Monday, January 1, 1996

THE WILD BOAR?

[This article originally published here:  Wild Boar Issue #1 - January 1996 ]

When the Protestant Reformer, Martin Luther, was spreading his ideas for reforming the Roman Catholic Church, Pope Leo X issued his famous papal bull Exsurge Domine. In this proclamation, the Pope likened Luther to a "wild boar" loose in the Lord's vineyard. Of course, the Pope intended the name "wild boar" in a derogatory manner. He believed that Luther was a heretic and that the Catholic Church needed no correction. Luther was seen as a dangerous man who must be stopped. Luther was indeed making havoc of the Roman Church, but he was not heretic. He was calling into question many of the false teachings and human traditions that the Church had accrued over the years. Most importantly, he was challenging the system of works-righteous that had usurped the true gospel of salvation by grace alone. Though seen by his enemies as a wild boar, Luther was in fact a man raised up by God to lead the church back to its biblical roots.

The title of this newsletter draws its inspiration from that "wild boar" of the sixteenth century. The editors and writers seek to do for the contempory evangelical church what Luther attempted to do in the Roman Catholic Church. It is our conviction that the church has once again drifted from its biblical moorings, and has adopted beliefs and practices that compromise the gospel. For example, the current move toward "user-friendly" churches which use modern marketing techniques to sell the gospel to religious "consumers" has created a man-centered distortion of Christianity. Here God, Christ, the Gospel, and the Church are consumer products that exist merely to stisfy the "felt needs" (read "idolatries") of the unchurched. There is little focus on sovereignty and holiness of God, no mention of sin and Hell, and no call to discipleship. As John MacArthur writes, "Instead of confronting the world with the truth of Christ, the market-driven megachurches are enthusiastically promoting the worst trends of secular culture."(note 1)
 
Another problem area is the wholesale adoption by evangelicals of secular self-esteem psychology. Christian counselors and pastors are subtly (sometimes blatantly!) buying into the unbiblical idea that people are basically good and that all of our emotional and behavioral problems are caused by low self-esteem. Robert Schuller even goes so far as to say that the worst "sin" a person can commit is to say, "I'm not worthy."(note 2) What ever happened to Paul's "There is none good, no not one." (Rom 3:12)? What about David's declaration that he (along with the rest of us) was a sinner from the time his mother conceived him (Ps 51:5)?
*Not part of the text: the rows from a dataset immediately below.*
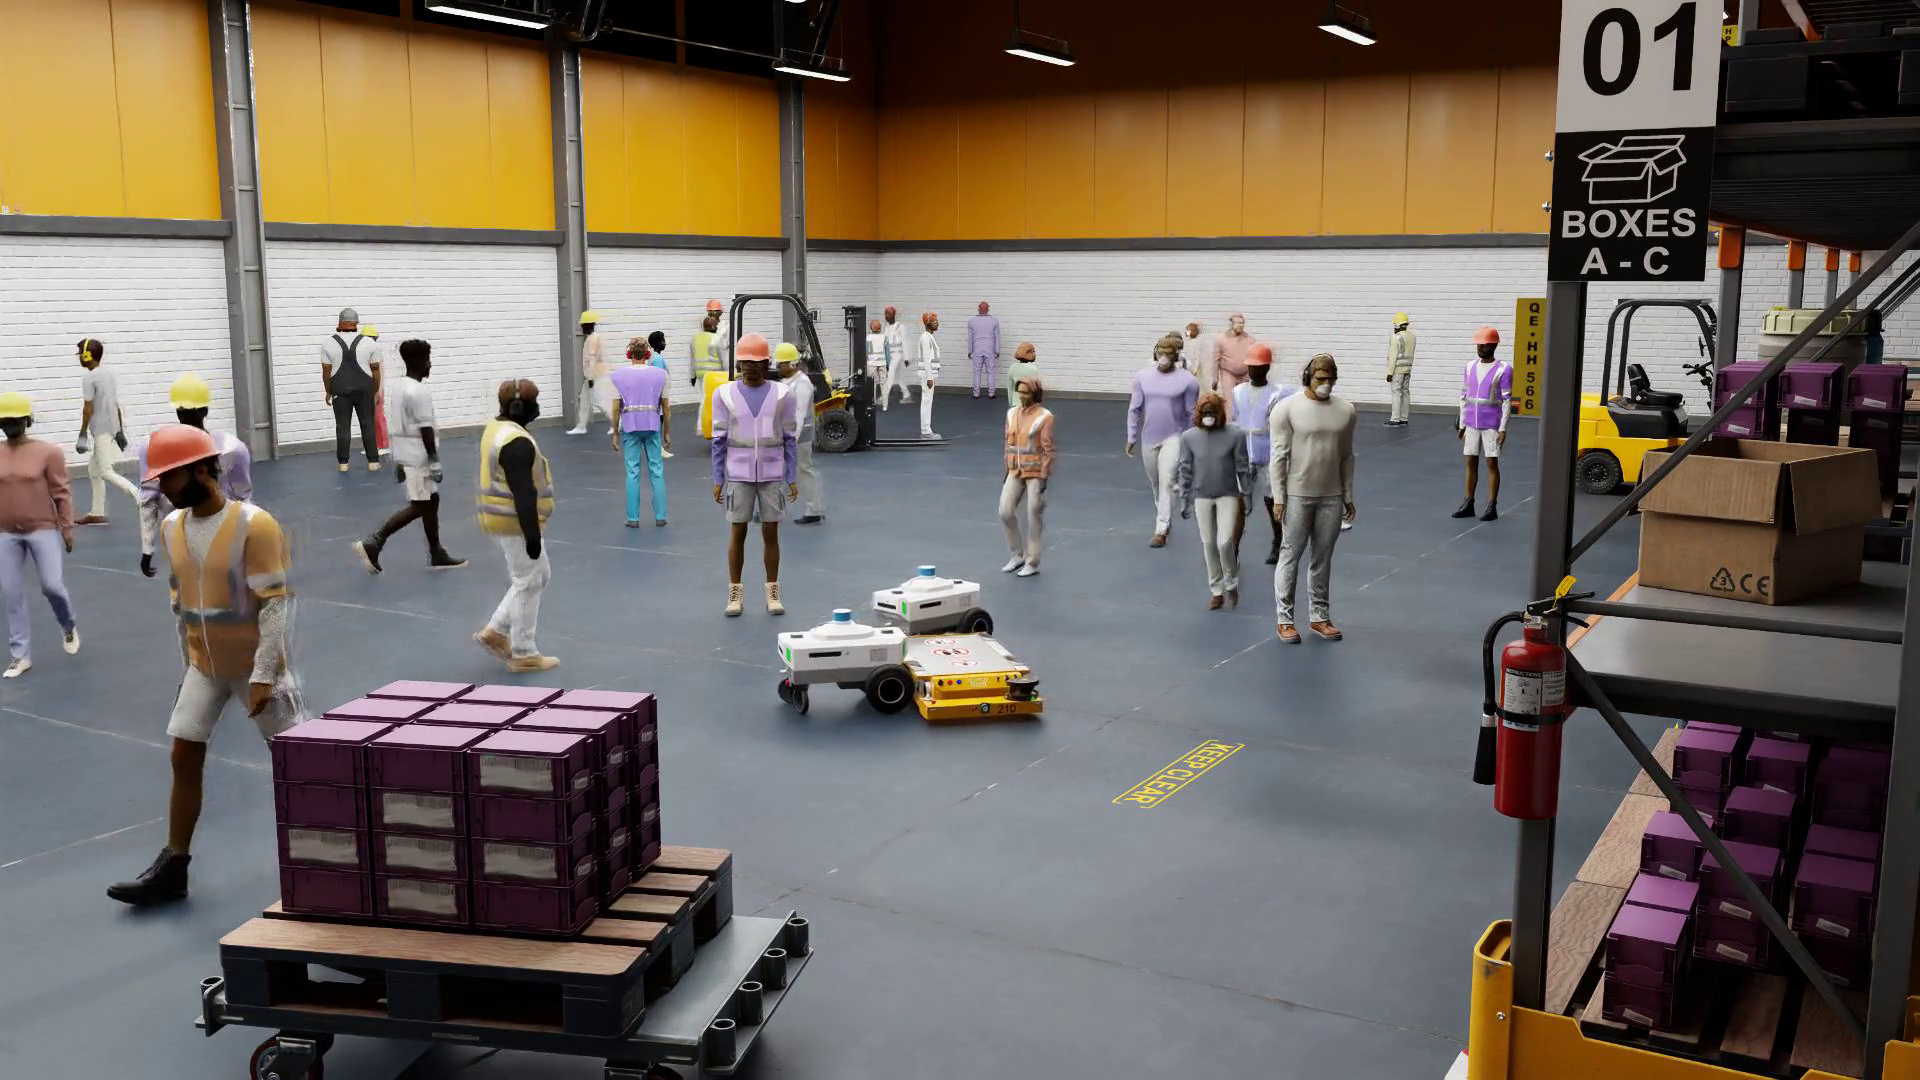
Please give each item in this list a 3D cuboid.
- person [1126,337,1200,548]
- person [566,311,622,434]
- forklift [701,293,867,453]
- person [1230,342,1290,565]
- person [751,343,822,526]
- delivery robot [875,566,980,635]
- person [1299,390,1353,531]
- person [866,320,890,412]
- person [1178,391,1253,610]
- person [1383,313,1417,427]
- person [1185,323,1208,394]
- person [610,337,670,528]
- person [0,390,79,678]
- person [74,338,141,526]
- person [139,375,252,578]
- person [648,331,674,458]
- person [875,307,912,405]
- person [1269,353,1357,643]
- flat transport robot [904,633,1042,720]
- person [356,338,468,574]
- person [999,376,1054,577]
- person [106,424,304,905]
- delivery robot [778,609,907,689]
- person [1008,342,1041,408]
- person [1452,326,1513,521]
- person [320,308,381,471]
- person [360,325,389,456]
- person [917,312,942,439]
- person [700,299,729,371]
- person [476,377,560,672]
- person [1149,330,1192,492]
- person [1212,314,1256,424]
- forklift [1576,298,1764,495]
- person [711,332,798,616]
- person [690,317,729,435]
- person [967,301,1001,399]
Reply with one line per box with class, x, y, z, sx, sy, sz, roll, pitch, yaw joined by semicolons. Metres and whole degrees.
person;1.878;-0.919;15.252;0.629;1.898;1.028;4;10;24
person;-5.589;-2.549;25.379;0.842;1.901;0.598;-2;9;-12
forklift;-2.458;-2.344;23.176;2.313;2.155;1.214;0;9;-2
person;2.472;-0.695;13.847;0.561;1.895;0.899;6;11;34
person;-1.702;-0.995;16.007;0.850;1.788;0.602;-4;10;-24
delivery robot;-0.211;0.410;10.794;0.707;0.478;0.477;-8;12;-42
person;3.395;-0.891;15.995;0.514;1.593;0.876;-5;10;-27
person;-1.487;-3.090;29.556;0.523;1.638;0.310;-4;10;-23
person;1.854;-0.283;12.102;0.529;1.605;0.395;4;10;22
person;7.037;-2.720;26.649;0.590;1.833;0.403;-8;12;-41
person;4.071;-2.995;29.107;0.864;1.589;0.515;-4;10;-25
person;-3.080;-1.031;16.059;0.564;1.846;0.390;-3;10;-17
person;-5.765;-0.054;10.263;0.551;1.756;0.552;-2;9;-10
person;-8.247;-1.037;16.139;0.820;1.840;0.509;-1;9;-5
person;-4.389;-0.026;9.660;0.584;1.895;0.903;-1;9;-7
person;-4.015;-1.935;22.163;0.318;1.700;0.535;-3;10;-21
person;-1.254;-3.441;31.176;1.004;1.829;0.584;-7;12;-38
person;2.361;-0.282;11.118;0.627;1.935;0.373;-3;10;-18
flat transport robot;-0.024;0.766;9.745;0.652;0.197;1.431;-2;9;-13
person;-4.503;-0.674;13.551;0.855;1.943;0.610;-6;11;-32
person;0.551;-0.515;13.489;0.538;1.631;0.350;9;13;43
person;-2.871;0.488;6.515;0.602;1.887;0.765;3;9;16
delivery robot;-0.667;0.633;9.400;0.707;0.478;0.477;-2;9;-13
person;0.787;-1.591;20.214;0.285;1.634;0.499;-8;12;-41
person;5.212;-1.160;16.575;0.362;1.939;0.542;-8;12;-42
person;-7.591;-1.884;20.779;0.686;2.000;0.535;-3;10;-17
person;-7.945;-2.019;22.467;0.304;1.770;0.533;-8;12;-41
person;-0.450;-2.414;24.582;0.355;1.883;0.573;0;9;-1
person;-3.960;-2.875;26.955;0.605;2.045;0.379;3;9;16
person;-2.702;-0.086;10.224;0.444;1.824;0.647;-4;10;-24
person;2.372;-1.483;18.944;0.518;1.824;0.717;-1;9;-7
person;4.059;-2.349;24.237;0.671;1.863;0.898;-2;9;-13
forklift;7.954;-1.589;18.462;2.313;2.155;1.214;5;11;30
person;-1.462;-0.462;11.904;0.612;2.039;0.392;-2;9;-10
person;-3.770;-2.516;25.497;0.645;1.787;0.972;6;11;32
person;0.470;-3.721;32.648;0.651;1.913;0.410;0;9;2
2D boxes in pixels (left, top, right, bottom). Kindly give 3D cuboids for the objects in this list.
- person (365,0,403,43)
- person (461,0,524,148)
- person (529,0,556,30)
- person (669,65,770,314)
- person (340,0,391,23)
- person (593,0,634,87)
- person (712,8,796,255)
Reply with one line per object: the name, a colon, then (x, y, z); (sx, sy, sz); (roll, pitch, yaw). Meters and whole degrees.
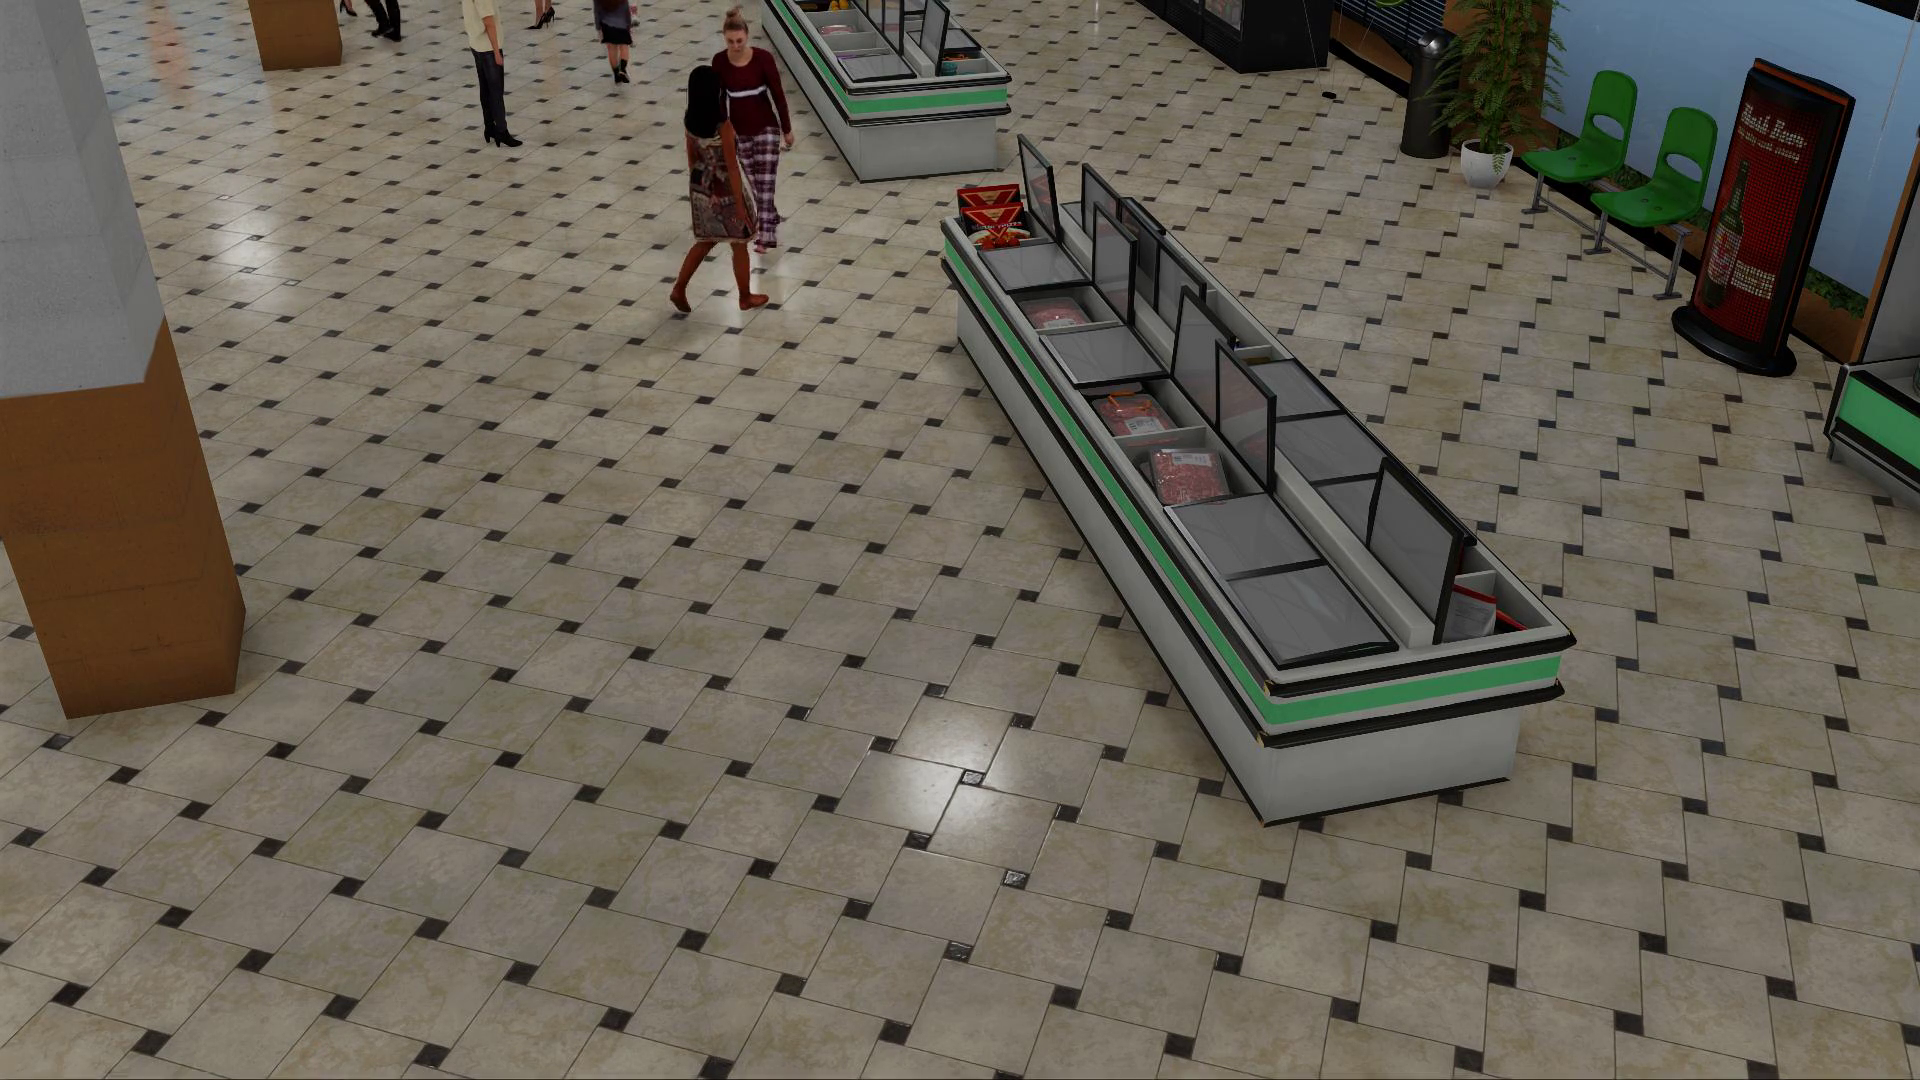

These issues are only the tip of the iceberg. They and other problems reveal a desperate need for many evangelicals to become wild boars in this vineyard of error. In this newsletter, we will expose such distortions of truth to the light of Scripture. We will follow the example of Luther, the first "wild boar," and attempt to "demolish arguments and every pretension that sets itself up against the knowledge of God" (II Cor 10:5).
  1. John F. MacArthur, Jr., Ashamed of the Gospel (Wheaton: Crossway, 1993) 71.
  2. Roberts Schuller, Self-Esteem: The New Reformation (Waco: Word, 1982) 98.